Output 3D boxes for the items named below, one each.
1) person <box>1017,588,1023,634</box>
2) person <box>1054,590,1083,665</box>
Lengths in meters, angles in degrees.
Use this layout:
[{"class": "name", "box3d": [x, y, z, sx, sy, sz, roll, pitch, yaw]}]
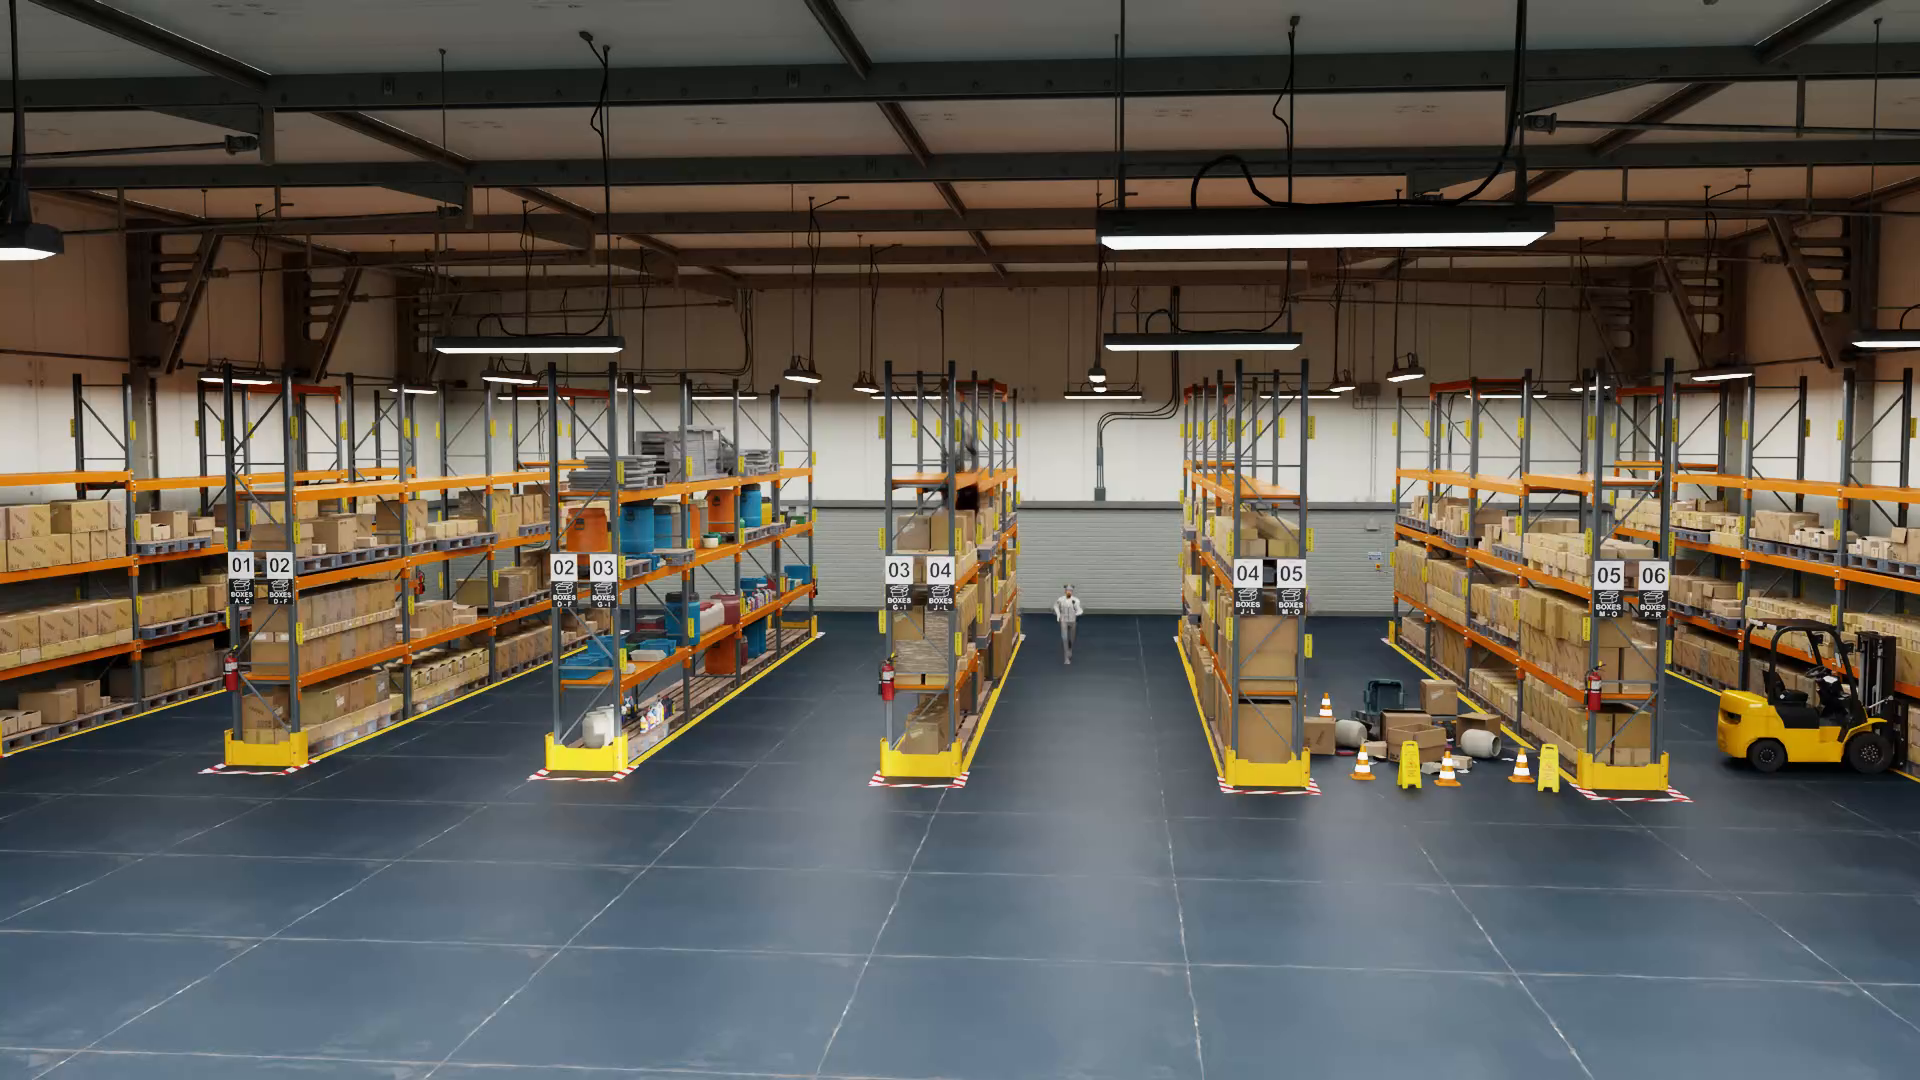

───

Set the records down again exactly, and omit any picture in them.

Output 3D boxes for the items named below, one each.
1) person <box>1017,588,1023,634</box>
2) person <box>1054,590,1083,665</box>
Lengths in meters, angles in degrees.
Use this layout:
[{"class": "name", "box3d": [x, y, z, sx, sy, sz, roll, pitch, yaw]}]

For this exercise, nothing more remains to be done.